On Tuesday I went to the Netsquared NetTuesday event. I’m not sure about the spaces and capitalization with these, but I’ll just roll with it.
Netsquared in their own words:
“Today, we recognize a turning point in nonprofit technology adoption. Through the immense possibilities of the Internet, nonprofits can turn hundreds of supporters into thousands, access new reserves of volunteerism, and give their constituencies tools to take charge of change.
This site is the online home of our effort to highlight projects around the world that succeed at the intersection of pervasive access, new tools, and new audiences.”
I hope to really dig in and learn how to better utilize tagging, RSS and other web 2.0ish things that I keep hearing about and can only semi-intelligently talk about. But for anyone out there who is interested in how these emerging technologies can help nonprofits expand their message and tap into widespread grassroots networks might want to give them a shot.
At NetTuesday (it happens on the second tuesday of each month) I met some interesting people who have had a lot of experiences at nonprofits, for-profit companies that do cool stuff and just cool people in general. They also had a huge platter of these mini-quiches that weren’t very good but just tractor-beamed me into eating them. Everyone there seemed to already know each other, so it seemed a lot easier to hang out with my trusty friend Food than to mingle. But I left Mr. Food to go hang out, and got a lot more out of the evening.
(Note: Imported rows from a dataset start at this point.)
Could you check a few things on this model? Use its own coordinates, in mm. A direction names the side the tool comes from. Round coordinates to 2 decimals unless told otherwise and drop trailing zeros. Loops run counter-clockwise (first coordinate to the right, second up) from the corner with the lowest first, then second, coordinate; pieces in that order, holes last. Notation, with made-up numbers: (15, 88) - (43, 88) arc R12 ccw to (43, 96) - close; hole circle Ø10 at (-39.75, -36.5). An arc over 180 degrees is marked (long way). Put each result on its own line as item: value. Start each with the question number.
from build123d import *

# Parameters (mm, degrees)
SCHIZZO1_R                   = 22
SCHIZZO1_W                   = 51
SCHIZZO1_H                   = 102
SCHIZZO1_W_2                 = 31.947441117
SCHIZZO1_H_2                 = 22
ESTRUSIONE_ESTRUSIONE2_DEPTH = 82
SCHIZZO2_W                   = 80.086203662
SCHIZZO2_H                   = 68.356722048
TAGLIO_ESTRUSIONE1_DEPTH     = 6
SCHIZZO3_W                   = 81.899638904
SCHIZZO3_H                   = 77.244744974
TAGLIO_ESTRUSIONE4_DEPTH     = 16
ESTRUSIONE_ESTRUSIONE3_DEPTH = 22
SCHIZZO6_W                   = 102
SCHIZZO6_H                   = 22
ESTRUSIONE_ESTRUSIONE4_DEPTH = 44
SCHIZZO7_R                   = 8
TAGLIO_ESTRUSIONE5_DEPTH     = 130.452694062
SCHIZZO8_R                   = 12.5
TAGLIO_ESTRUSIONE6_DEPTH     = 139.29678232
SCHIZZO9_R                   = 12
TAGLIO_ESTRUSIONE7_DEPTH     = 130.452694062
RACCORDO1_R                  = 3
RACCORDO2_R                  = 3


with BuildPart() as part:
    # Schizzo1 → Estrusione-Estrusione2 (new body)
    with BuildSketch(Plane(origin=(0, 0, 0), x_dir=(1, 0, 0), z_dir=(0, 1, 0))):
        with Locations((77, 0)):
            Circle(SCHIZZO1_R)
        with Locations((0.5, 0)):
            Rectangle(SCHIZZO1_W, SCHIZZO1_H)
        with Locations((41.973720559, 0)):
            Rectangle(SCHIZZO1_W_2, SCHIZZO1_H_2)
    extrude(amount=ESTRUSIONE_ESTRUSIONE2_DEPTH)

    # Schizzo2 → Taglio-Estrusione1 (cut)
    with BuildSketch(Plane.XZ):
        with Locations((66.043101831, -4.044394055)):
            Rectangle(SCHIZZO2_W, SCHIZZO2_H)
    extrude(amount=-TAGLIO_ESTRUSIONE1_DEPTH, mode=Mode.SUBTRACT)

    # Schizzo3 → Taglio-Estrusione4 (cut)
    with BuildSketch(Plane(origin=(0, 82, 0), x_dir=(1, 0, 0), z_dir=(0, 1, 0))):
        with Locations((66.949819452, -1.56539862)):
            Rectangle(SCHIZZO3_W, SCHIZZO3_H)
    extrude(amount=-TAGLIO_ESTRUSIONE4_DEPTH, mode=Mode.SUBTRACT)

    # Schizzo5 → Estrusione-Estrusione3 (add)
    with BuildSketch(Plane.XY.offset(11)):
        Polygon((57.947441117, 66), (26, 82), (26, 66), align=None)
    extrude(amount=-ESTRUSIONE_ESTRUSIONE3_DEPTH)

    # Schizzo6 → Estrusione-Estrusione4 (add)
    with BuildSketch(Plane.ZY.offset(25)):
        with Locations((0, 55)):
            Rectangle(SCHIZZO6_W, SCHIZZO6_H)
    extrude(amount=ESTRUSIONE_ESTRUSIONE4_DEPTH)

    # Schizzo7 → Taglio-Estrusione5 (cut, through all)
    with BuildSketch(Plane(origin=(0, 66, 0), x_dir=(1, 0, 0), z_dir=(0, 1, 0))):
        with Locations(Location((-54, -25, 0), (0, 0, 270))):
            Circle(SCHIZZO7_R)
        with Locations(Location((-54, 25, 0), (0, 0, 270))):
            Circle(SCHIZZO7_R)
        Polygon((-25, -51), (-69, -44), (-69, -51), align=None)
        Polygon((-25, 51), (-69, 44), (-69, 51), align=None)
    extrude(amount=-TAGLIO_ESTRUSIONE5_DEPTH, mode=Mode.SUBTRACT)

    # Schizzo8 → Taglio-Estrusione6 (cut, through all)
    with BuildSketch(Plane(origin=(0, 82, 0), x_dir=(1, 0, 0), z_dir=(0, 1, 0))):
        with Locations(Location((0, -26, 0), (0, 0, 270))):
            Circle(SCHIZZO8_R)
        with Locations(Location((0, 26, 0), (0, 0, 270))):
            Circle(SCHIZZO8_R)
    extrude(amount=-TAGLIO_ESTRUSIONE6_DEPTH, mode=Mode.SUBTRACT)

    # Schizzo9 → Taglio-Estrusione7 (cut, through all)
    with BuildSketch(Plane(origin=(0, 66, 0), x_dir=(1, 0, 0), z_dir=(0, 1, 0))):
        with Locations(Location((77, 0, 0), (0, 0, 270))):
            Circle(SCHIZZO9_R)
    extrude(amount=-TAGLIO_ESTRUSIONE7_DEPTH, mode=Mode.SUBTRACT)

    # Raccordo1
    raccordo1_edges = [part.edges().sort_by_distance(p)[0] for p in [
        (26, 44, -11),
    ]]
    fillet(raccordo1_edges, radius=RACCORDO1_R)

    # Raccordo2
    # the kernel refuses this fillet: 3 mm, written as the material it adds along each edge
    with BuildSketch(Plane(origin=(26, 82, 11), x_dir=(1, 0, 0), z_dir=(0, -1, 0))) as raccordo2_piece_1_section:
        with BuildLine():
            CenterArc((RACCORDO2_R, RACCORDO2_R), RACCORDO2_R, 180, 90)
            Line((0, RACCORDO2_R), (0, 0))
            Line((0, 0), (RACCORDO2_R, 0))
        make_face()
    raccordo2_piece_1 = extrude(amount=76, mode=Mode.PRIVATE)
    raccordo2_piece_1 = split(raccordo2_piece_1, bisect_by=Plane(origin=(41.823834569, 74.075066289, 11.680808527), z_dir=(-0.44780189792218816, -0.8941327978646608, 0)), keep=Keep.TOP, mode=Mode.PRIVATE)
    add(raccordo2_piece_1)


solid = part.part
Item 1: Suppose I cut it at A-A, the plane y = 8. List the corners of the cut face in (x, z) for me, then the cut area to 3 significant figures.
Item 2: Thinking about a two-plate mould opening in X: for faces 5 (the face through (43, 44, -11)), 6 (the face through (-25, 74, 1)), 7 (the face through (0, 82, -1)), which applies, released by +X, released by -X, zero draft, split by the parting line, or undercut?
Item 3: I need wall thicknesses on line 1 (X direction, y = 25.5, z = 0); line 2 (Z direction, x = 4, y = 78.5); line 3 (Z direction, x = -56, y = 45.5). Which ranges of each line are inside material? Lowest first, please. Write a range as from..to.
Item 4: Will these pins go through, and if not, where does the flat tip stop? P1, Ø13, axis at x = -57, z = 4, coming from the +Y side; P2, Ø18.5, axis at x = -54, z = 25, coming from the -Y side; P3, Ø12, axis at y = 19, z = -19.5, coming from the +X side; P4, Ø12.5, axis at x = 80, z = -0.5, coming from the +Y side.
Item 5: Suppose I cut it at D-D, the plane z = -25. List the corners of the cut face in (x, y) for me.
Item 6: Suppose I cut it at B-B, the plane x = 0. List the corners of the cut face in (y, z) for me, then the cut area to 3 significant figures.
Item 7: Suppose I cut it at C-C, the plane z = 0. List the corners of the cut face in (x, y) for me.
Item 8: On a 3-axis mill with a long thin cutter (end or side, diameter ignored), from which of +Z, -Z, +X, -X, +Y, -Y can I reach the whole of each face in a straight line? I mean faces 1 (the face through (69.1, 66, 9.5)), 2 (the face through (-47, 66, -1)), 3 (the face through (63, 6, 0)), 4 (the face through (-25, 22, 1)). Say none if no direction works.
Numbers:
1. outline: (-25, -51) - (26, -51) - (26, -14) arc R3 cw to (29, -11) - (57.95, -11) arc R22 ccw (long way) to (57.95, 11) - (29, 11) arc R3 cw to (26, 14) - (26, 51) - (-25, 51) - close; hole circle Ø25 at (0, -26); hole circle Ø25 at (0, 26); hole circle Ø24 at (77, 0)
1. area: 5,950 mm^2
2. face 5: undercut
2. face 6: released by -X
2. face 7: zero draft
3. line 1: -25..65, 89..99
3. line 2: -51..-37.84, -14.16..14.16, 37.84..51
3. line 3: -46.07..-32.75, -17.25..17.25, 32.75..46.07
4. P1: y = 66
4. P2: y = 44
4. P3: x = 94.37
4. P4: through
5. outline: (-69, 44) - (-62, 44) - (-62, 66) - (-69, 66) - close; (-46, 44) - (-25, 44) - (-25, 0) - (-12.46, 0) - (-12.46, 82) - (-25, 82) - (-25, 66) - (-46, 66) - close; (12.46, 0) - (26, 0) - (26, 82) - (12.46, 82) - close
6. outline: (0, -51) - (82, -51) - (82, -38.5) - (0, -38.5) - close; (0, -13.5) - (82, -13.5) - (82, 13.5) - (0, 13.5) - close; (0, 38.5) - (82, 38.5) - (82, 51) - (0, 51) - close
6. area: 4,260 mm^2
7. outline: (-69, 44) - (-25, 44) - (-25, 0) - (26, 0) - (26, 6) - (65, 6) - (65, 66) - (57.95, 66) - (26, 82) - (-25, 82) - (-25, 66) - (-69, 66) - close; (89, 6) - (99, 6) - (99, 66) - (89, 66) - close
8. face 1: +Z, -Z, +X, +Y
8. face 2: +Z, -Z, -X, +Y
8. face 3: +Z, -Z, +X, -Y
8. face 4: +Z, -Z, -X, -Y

One of the things that struck me most was how the folks I talked to there admitted that they didn’t know any of the answers. They just seem to be trying like all the rest of us to make sense of it all. I think that the geek world makes a habit of using intimidating and confusing language that scares off normal folks who don’t inherently know what “CMS” stands for. Netsquared attempts to make complex concepts like Web 2.0 and RSS (simple my ass) understandable for the people who are actively working to change the world. We need more groups like them, and I highly encourage anyone to poke around their site.